自20世紀90年代初以來, 我國大體上經歷了四次較大規模的會計制度改革, 分別是1993、1998、2001和2006年的會計改革。在會計制度中積極貫徹穩健性原則, 提高報告主體的盈余穩健性, 是我國1993—2005年會計改革的主基調。1993年的會計改革要求會計核算應當遵循穩健性原則的要求, 合理核算可能發生的損失和費用。1998年實施的《股份有限公司會計制度》進一步強調了對可能發生的損失和費用的會計處理。1999年修訂的《會計法》第二十六條特別規定, 公司、企業的會計核算要貫徹穩健性原則。
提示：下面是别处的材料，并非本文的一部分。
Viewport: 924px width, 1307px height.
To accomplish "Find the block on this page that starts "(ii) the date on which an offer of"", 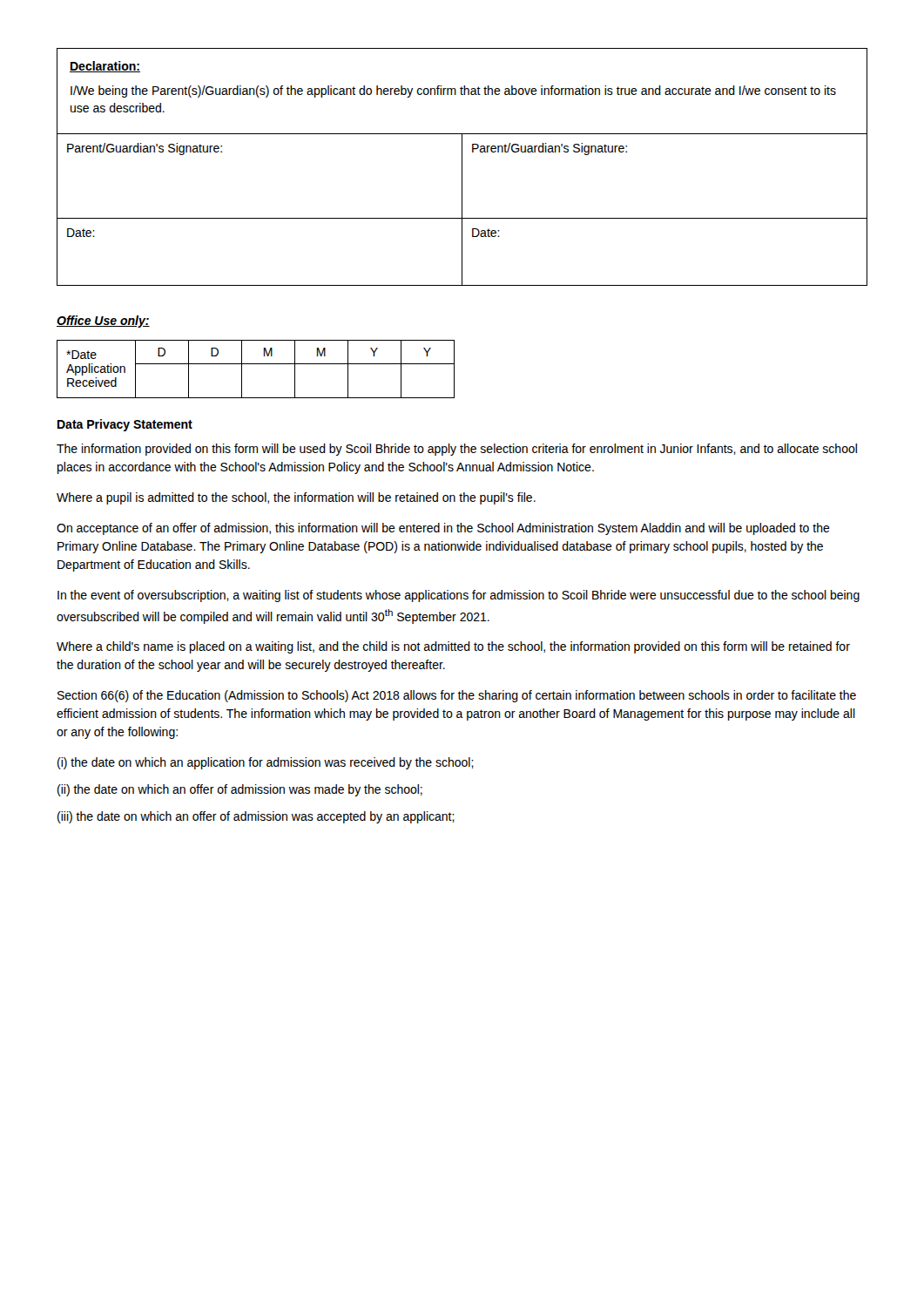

這是新修訂的《會計法》實現的重要突破之一(劉玉廷, 2003) , 也奠定了我國2001年會計改革的總體思路: 積極采納國際通行的做法, 在會計要素的確認、計量等技術層面全面貫徹穩健性原則?梢钥闯, 在我國1993—2005年的會計改革過程中, 會計制度層面對穩健性原則的運用得以逐步強化。2006年會計制度改革的主要目標則是與國際財務報告準則( IFRS) 的全面趨同。新會計準則采納了資產負債觀的理念, 改變了主要以強化穩健性原則運用的思路, 擴大了公允價值計量屬性的使用范圍。但《企業會計準則——基本準則》仍然要求企業對交易或者事項進行會計確認、計量和報告時應當貫徹穩健性(審慎性) 原則。并進一步擴大了資產減值損失的確認范圍, 而且, 大多數資產(主要指長期資產和資產組) 減值損失一經確認就不允許轉回, 這表明, 對這些資產而言, 在任何時點通常都不能確認重估增值利得。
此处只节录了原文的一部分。